Фото: Thierry Chesnot / Getty Images
Чем ближе подбиралась война, тем дальше от реальной жизни отдалялись художники-сюрреалисты, а вместе с ними и Скиапарелли. В предвоенных коллекциях креативность достигла апогея. Летнюю коллекцию 1938 года дизайнер посвятила цирку, а показ — настоящее цирковое представление — приурочила к выставке сюрреалистов. Только угольно-черное платье-скелет, сделанное по рисунку Дали, тревожно выделялось в этом шумном и дерзком параде вышитых слонов, клоунов, акробатов, сумок в форме мячей, шляпок с рожками мороженого и хулиганских надписей вроде «Осторожно — окрашено!». Осенняя коллекция 1939 года чествовала музыку: золотые колокольчики и клавиши, пуговицы в виде бубнов, музыкальные шкатулки, спрятанные в шляпы, силуэты стройные, как нотный стан, для женщин, созданных для песен и цветов.

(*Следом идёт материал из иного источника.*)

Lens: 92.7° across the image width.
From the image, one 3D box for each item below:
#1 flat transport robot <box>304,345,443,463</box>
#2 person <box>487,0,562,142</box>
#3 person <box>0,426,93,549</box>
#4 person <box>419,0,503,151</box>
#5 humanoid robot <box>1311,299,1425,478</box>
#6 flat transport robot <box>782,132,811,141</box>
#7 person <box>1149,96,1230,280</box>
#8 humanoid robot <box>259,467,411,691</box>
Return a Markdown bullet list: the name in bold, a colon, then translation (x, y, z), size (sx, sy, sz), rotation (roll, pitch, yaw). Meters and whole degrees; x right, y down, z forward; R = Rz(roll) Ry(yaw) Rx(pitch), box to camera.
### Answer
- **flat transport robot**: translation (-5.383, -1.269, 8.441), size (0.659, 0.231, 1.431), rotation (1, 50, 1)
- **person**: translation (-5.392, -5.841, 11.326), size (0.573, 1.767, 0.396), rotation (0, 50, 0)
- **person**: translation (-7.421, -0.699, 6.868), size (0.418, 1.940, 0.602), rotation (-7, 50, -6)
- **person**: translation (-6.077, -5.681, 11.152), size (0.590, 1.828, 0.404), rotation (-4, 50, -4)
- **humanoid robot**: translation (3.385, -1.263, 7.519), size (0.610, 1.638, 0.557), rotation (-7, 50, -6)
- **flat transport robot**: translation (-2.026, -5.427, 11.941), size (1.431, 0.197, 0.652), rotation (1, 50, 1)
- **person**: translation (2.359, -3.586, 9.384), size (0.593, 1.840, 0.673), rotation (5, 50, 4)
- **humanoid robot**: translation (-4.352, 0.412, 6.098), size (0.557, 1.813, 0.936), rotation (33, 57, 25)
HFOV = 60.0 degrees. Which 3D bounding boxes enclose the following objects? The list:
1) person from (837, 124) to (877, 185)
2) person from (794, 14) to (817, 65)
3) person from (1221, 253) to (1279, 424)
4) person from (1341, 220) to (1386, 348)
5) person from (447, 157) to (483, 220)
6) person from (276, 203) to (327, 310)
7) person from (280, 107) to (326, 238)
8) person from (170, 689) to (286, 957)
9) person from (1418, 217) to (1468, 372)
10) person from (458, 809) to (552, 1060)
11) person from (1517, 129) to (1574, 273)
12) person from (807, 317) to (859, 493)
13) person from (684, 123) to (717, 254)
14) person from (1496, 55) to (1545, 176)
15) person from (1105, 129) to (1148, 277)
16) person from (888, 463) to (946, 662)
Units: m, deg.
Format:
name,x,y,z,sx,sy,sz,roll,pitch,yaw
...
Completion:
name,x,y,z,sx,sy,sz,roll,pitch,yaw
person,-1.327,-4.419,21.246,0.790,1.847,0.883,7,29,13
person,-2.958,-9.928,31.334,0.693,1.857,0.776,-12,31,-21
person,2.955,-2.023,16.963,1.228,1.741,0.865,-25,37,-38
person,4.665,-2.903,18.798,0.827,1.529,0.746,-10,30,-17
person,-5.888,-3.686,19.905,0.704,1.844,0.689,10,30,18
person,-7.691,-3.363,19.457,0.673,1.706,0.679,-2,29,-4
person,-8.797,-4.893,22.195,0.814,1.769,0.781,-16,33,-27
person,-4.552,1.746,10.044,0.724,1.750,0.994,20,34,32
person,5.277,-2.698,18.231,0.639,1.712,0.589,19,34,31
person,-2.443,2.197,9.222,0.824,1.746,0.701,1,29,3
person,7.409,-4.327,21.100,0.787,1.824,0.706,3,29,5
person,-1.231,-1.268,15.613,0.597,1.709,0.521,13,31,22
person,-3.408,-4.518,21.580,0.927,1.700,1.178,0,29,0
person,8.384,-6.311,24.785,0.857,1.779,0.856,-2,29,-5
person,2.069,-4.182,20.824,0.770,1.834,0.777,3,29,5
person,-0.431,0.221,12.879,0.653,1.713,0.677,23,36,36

Военные годы на выставке опущены. Мы не увидим, как выглядели платья «Линия Мажино», «Иностранный легион» или комбинезон «Серый самолет» из коллекции «Плати наличными и уходи». По словам Скиапарелли, один из комбинезонов сделали не металлического, а белого цвета в расчете на то, что белый отталкивает ядовитые газы. На косынках она теперь печатала не дифирамбы в свою честь, а списки продуктов, которых лишились парижане: «Понедельник: без мяса. Вторник: без спиртного. Среда: без масла. Четверг: без рыбы. Пятница: без мяса. Суббота: без спиртного. Зато воскресенье: всегда любовь!» «Мы представляли коллекцию, чтобы доказать самим себе, что еще работаем»,— писала Скиапарелли. В витрине на Вандомской площади появился стеклянный глобус с порхающими голубями. В сторителлинг нынешнего арт-директора дома Schiaparelli Даниэля Розбери (его вещи хитро вшиты в экспозицию так, чтобы неофит не заметил разницы) все это никак не вписывается. Может, оно и к лучшему.